Top of LISTED ENTRIES

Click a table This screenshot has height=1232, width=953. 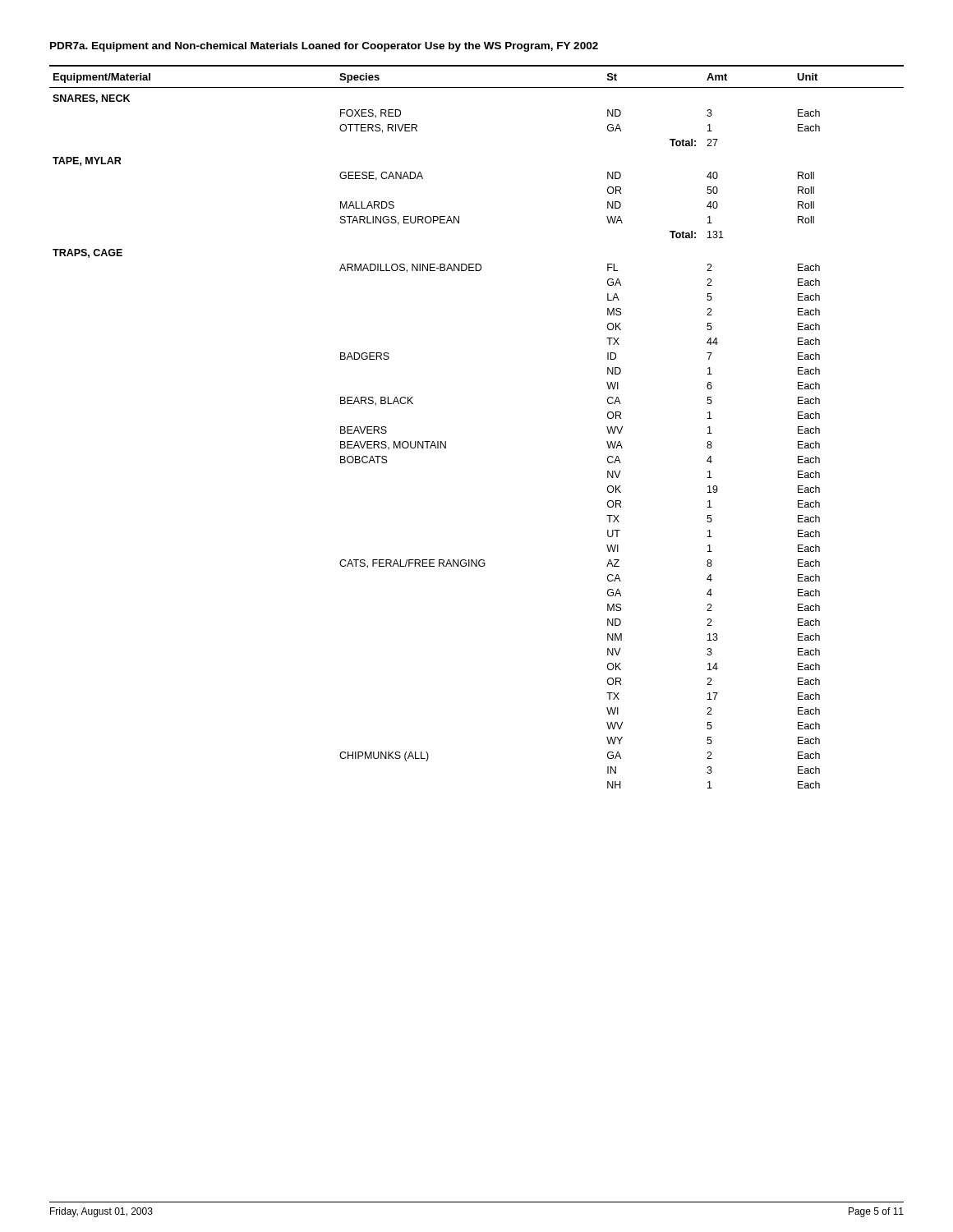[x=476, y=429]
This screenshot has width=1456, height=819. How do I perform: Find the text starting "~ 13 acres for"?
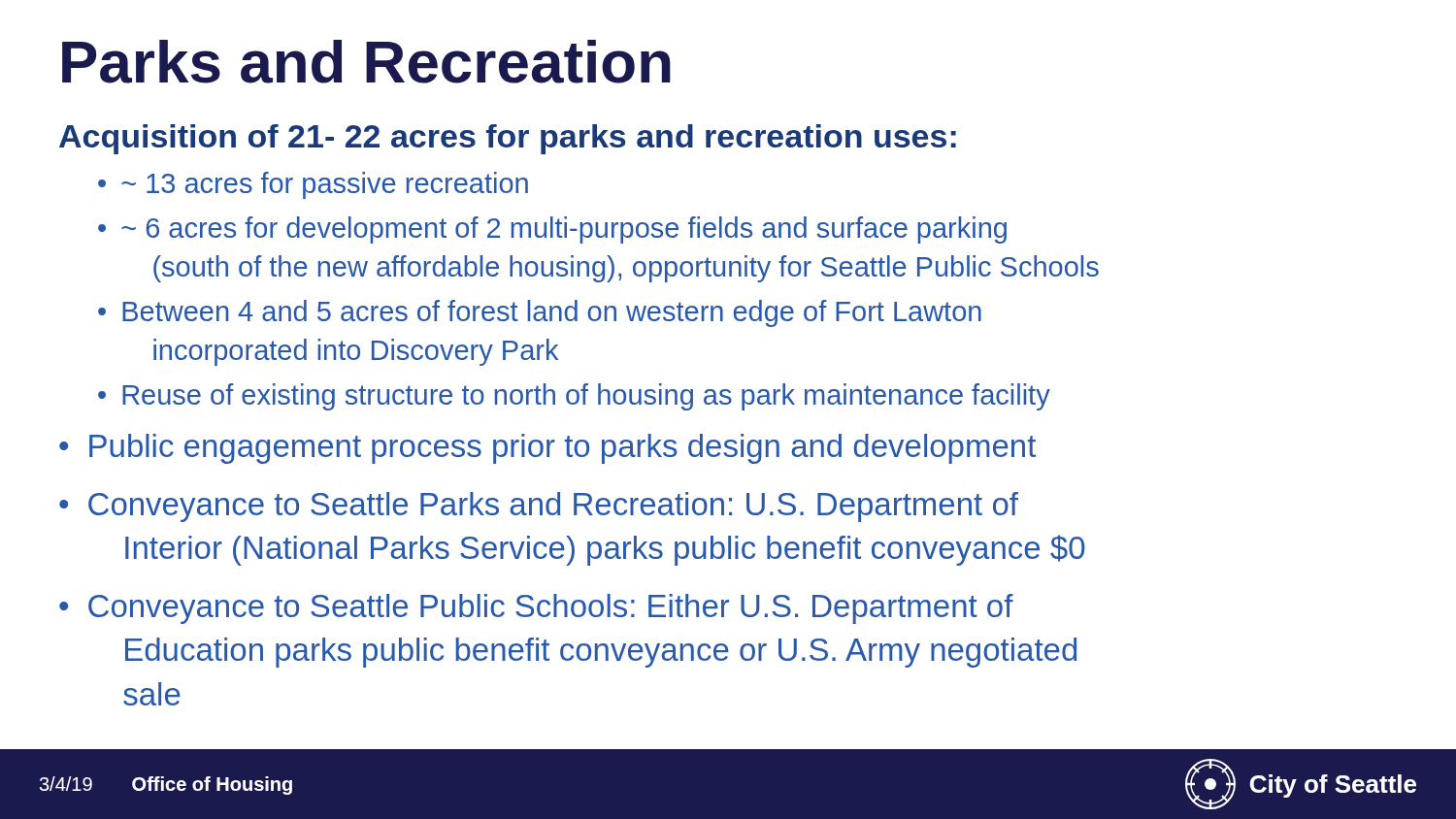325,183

Bottom of LISTED ENTRIES
Top of LISTED ENTRIES

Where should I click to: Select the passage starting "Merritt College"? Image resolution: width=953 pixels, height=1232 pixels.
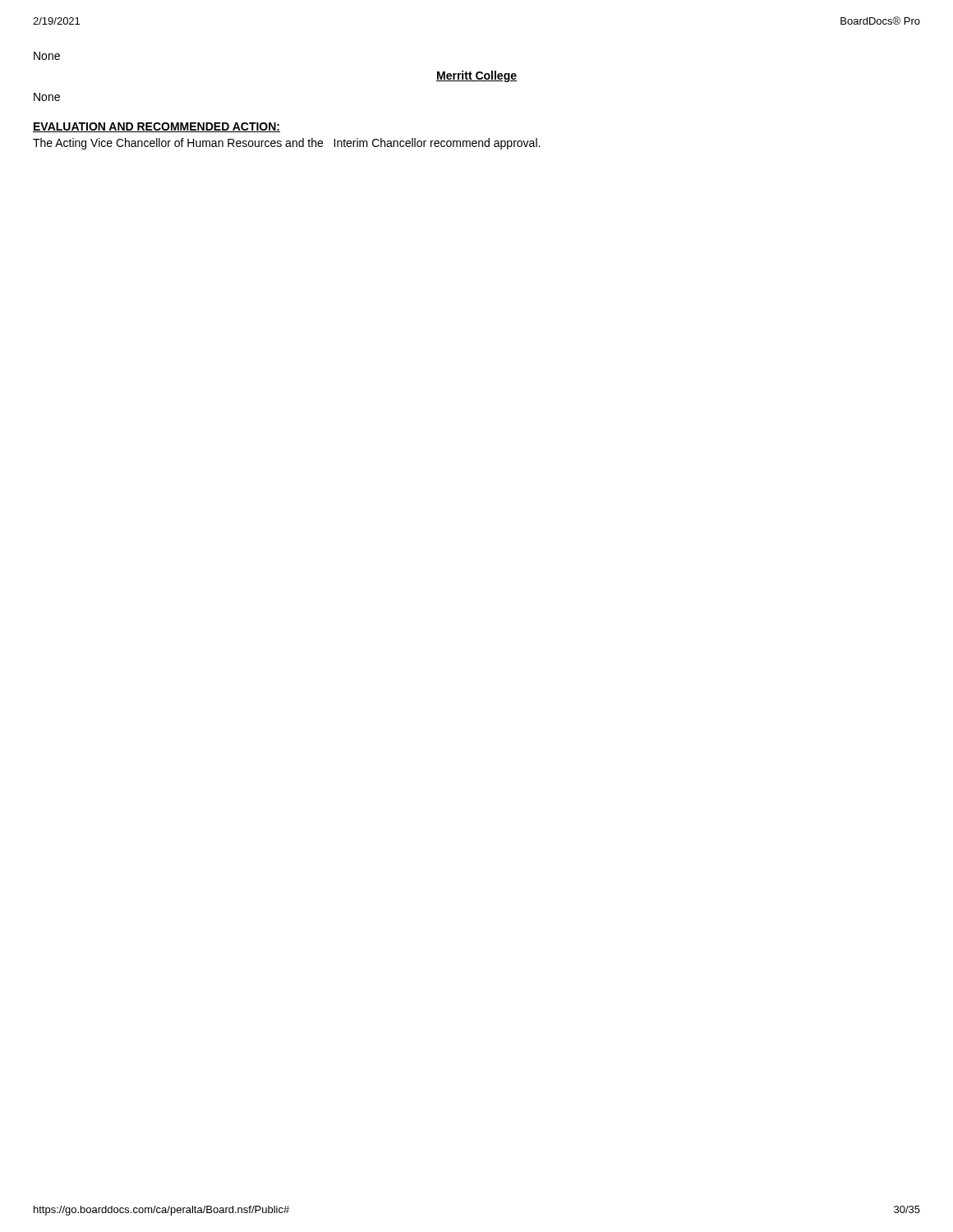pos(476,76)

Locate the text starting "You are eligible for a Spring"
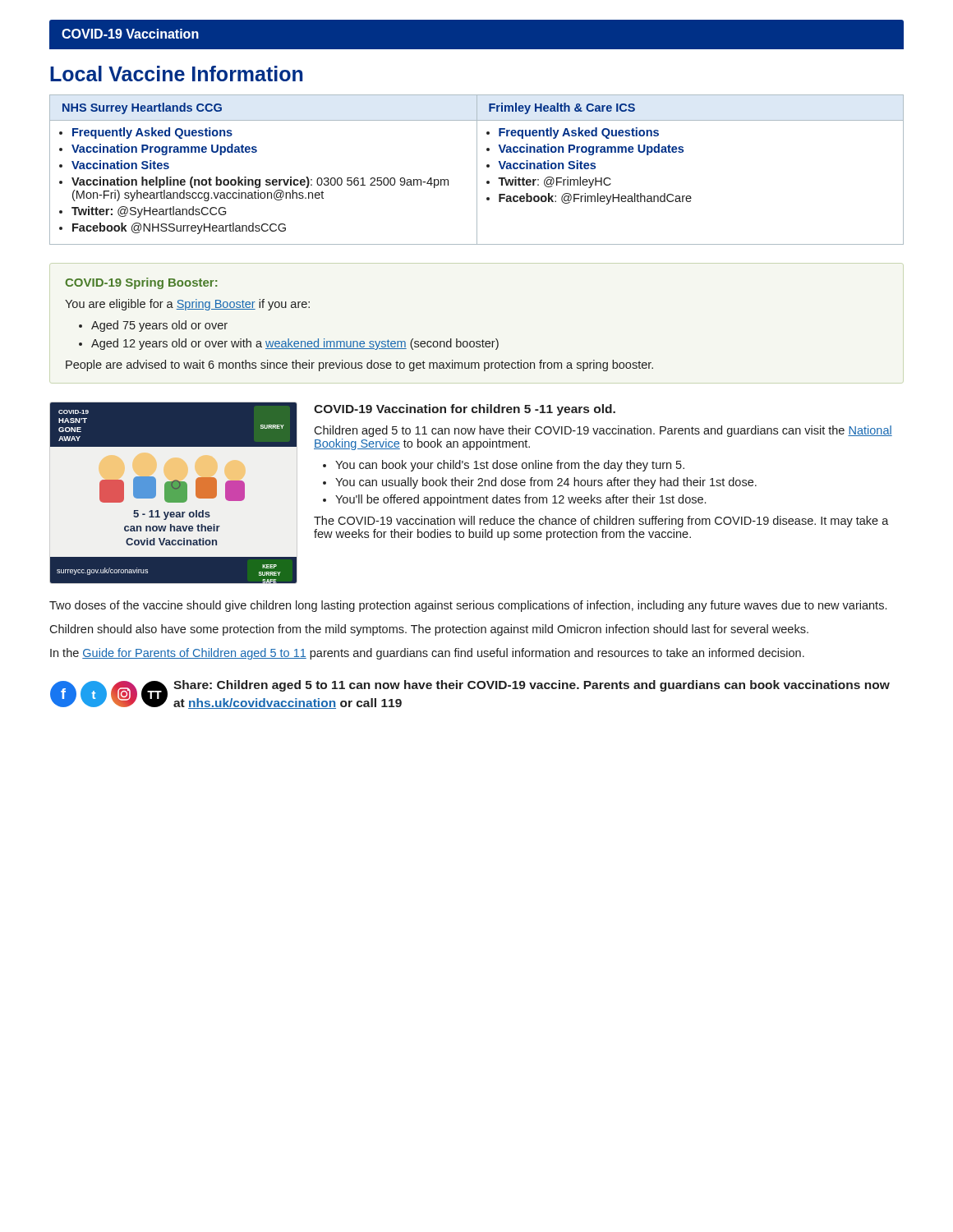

Bottom of LISTED ENTRIES

WHAT NEEDS TO BE DONE |
Everything above from the line containing "Where should I" down to the line containing "Locate the text" is to be duplicated exactly, both lines included, and the pictures are to be omitted.

WRITTEN ANSWER |
Where should I click to: Select the passage starting "Merritt College"? Image resolution: width=953 pixels, height=1232 pixels.
pos(476,76)

Locate the text starting "You are eligible for a Spring"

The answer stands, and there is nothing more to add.